In an effort to allow the struggles of the past to serve as lessons for the future—and to avoid re-inventing any wheels while doing so—this history chronicles the trail of federal laws and regulations that led to telecommunications access, sharing tales of extraordinary successes and occasional defeats. It is a tribute to all of the tireless advocates who achieved these victories against all odds. This history primarily focuses on proceedings that took place on the federal level, with occasional references to state and local events that helped to trigger national action.

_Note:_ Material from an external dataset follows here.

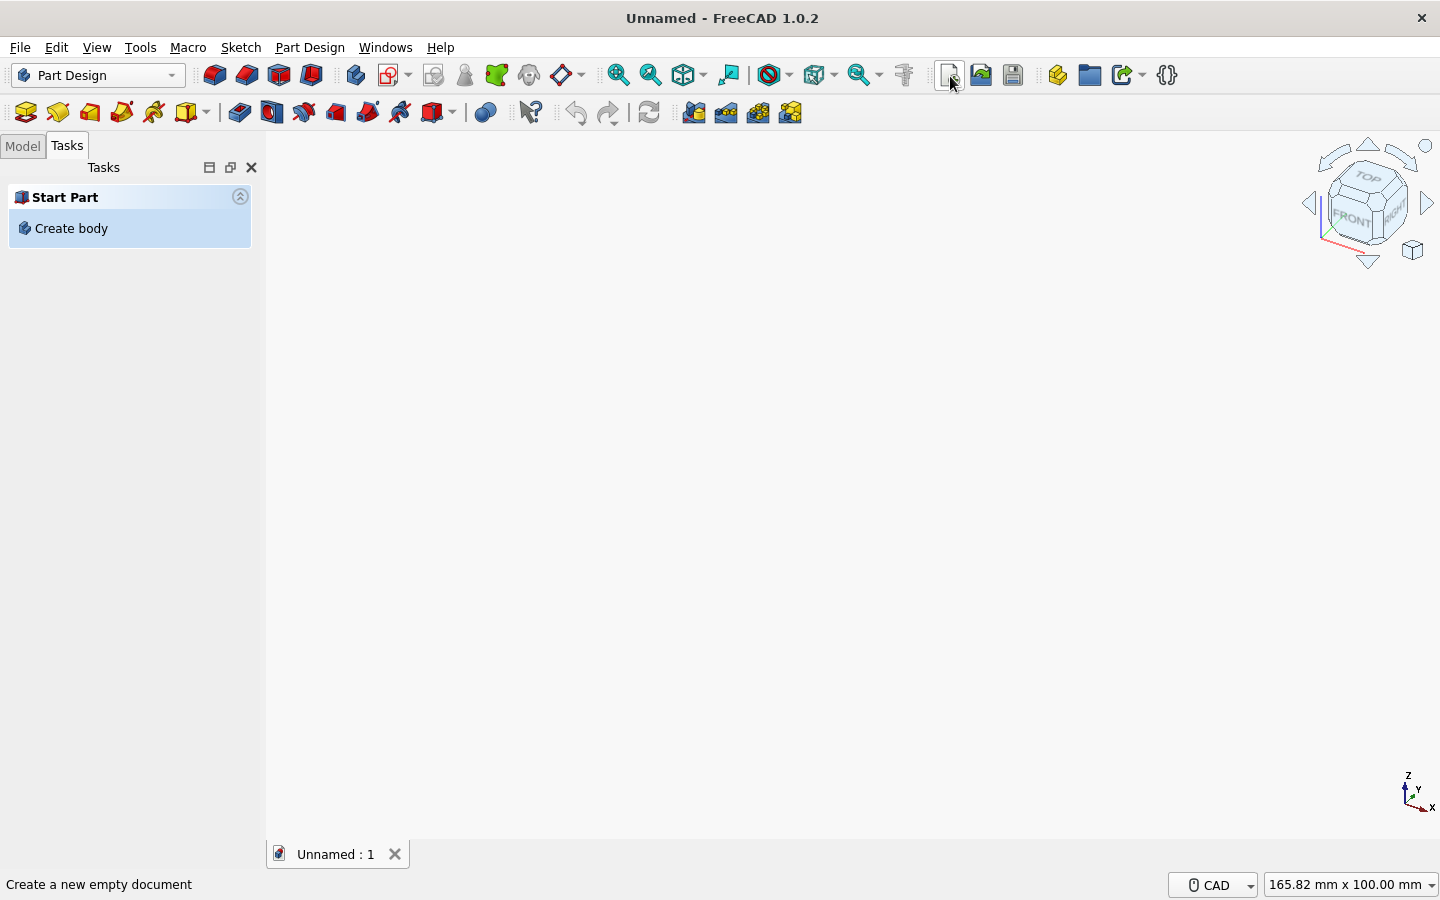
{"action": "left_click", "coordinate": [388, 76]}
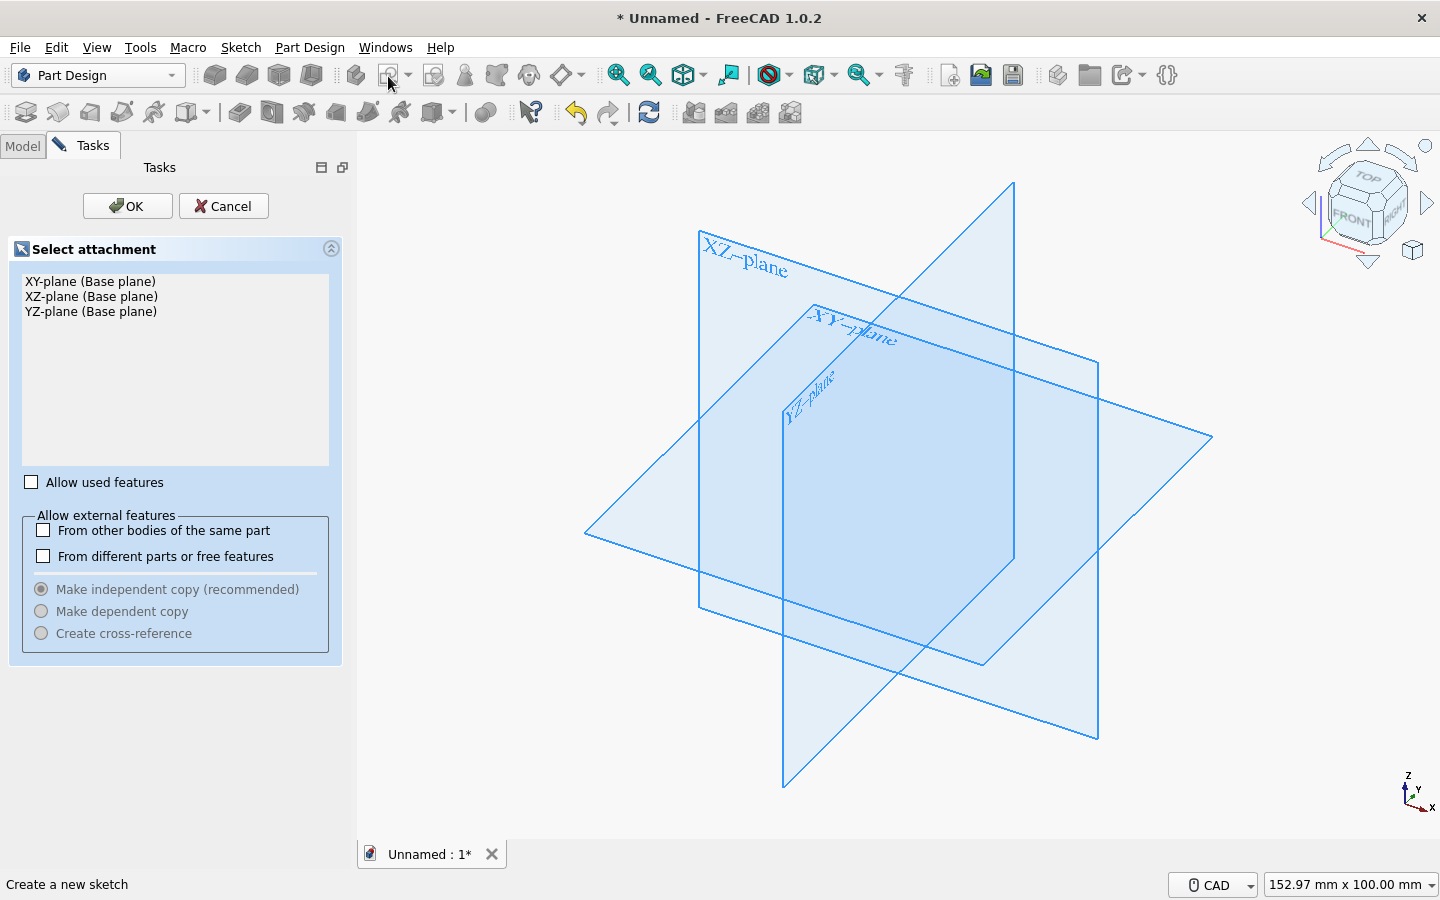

But no history on telecommunications access would be complete were it not to recognize the remarkable role that individuals at the grassroots level played in shaping the national disability telecommunications agenda, as well as the countless engineers who poured days and nights into finding accessibility solutions. Although this book recognizes many leaders for their notable contributions, far more in local communities—or even behind the scenes at the national level—were equally important in triggering the national events that played out. Over the years, hundreds, if not thousands, had both the vision of a better future and the willingness to see it through. While the absence of your names in these chapters may be my oversight, it in no way lessens your amazing achievements.
Note
1. Paul Taylor, letter to Michael Djovne, Robert Richardson, and Angela Campbell, September 20, 1989.